[Given data Boundary: Start]

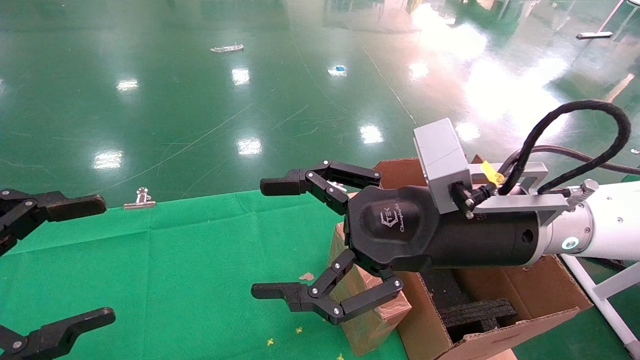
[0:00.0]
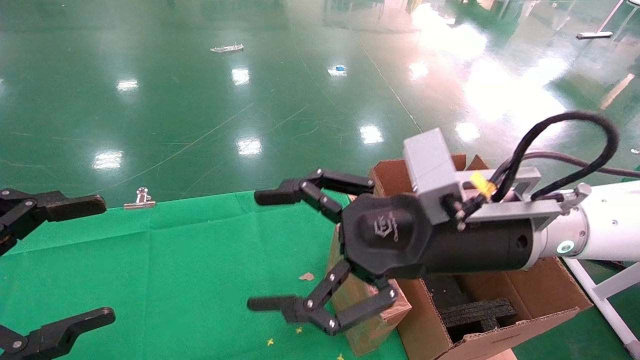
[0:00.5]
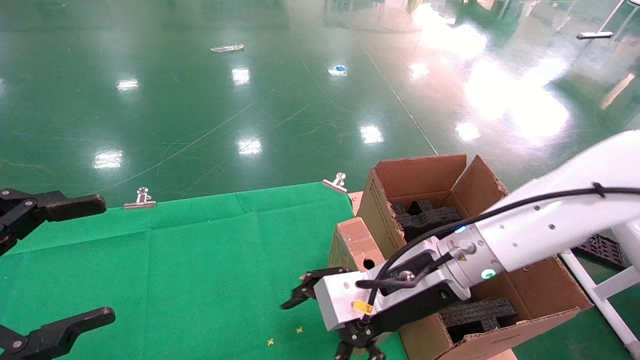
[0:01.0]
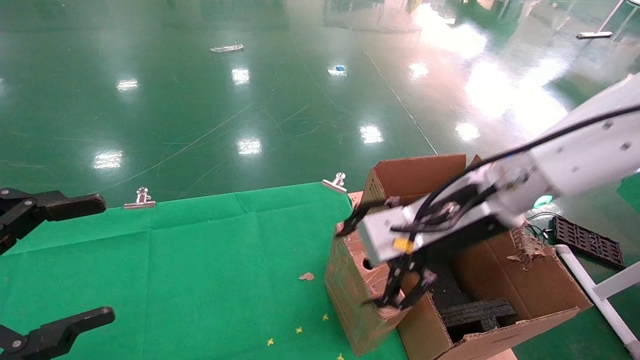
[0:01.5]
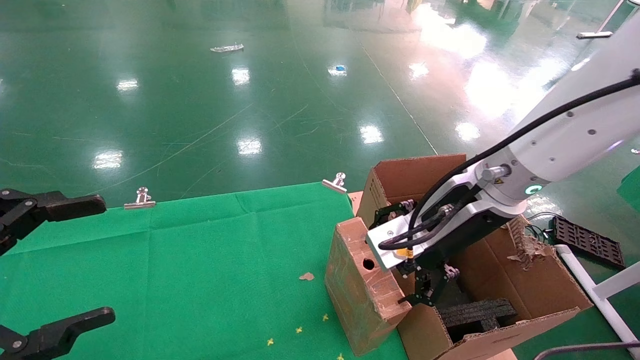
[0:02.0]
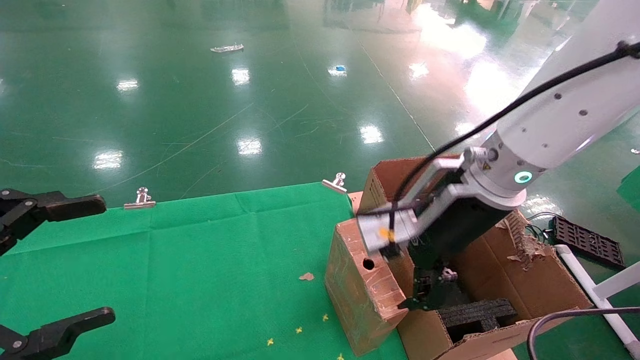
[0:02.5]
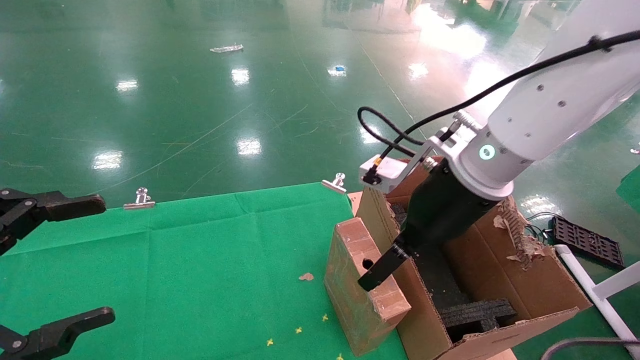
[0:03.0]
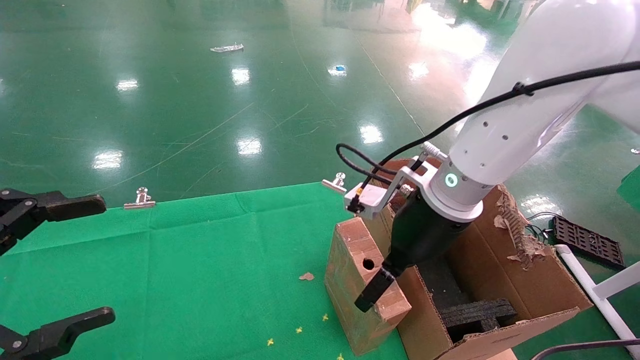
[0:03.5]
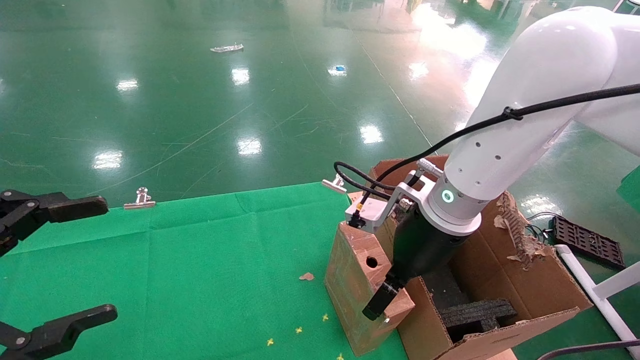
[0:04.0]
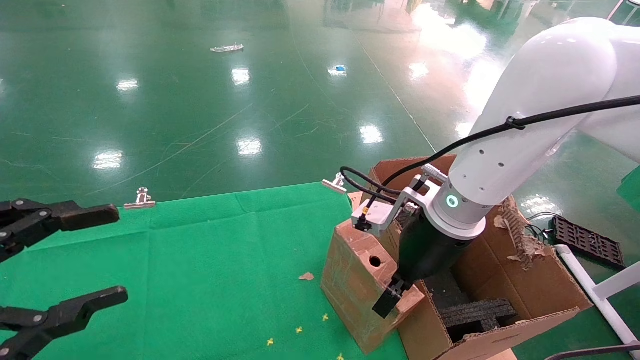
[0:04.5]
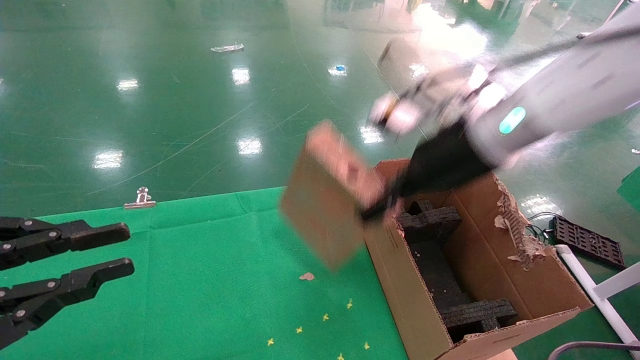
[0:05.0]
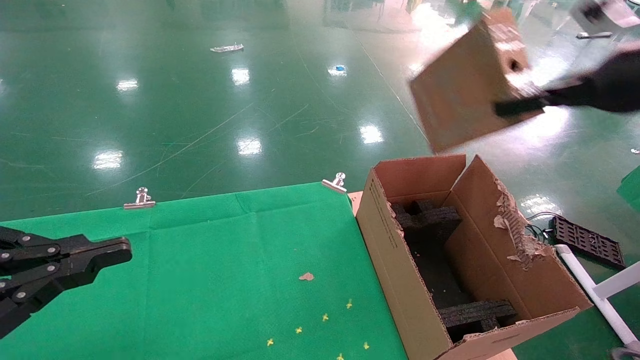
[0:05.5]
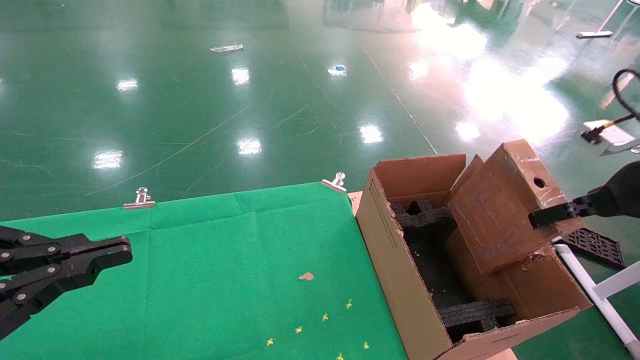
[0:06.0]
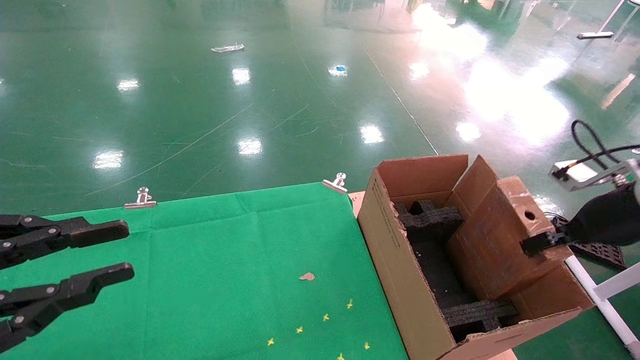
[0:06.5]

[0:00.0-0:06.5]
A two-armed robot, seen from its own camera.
Task of the whole recording: using a robotic arm to pick up a cardboard box and palace it the carton.
Step, 0:01.0 to 0:04.5: Pick up the mouse and the power cord paper box.
0:00.0 to 0:02.0: The right gripper goes about 5 cm forward, and travels downward and back again, about 5 cm each way.
0:02.0 to 0:04.5: The right gripper shifts by about 5 cm, and closes.
0:04.5 to 0:06.5: The right gripper travels to the right by about 30 cm, and closes up. Meanwhile the left gripper closes its fingers.

[Given data Boundary: End]

- _Directions_: Give again, please, precisely the lines that begin the records and run through the line with "[0:00.0-0:06.5]" in it, keeping both end lines and dropping any pictures.

- _Written answer_:
[0:00.0]
[0:00.5]
[0:01.0]
[0:01.5]
[0:02.0]
[0:02.5]
[0:03.0]
[0:03.5]
[0:04.0]
[0:04.5]
[0:05.0]
[0:05.5]
[0:06.0]
[0:06.5]

[0:00.0-0:06.5]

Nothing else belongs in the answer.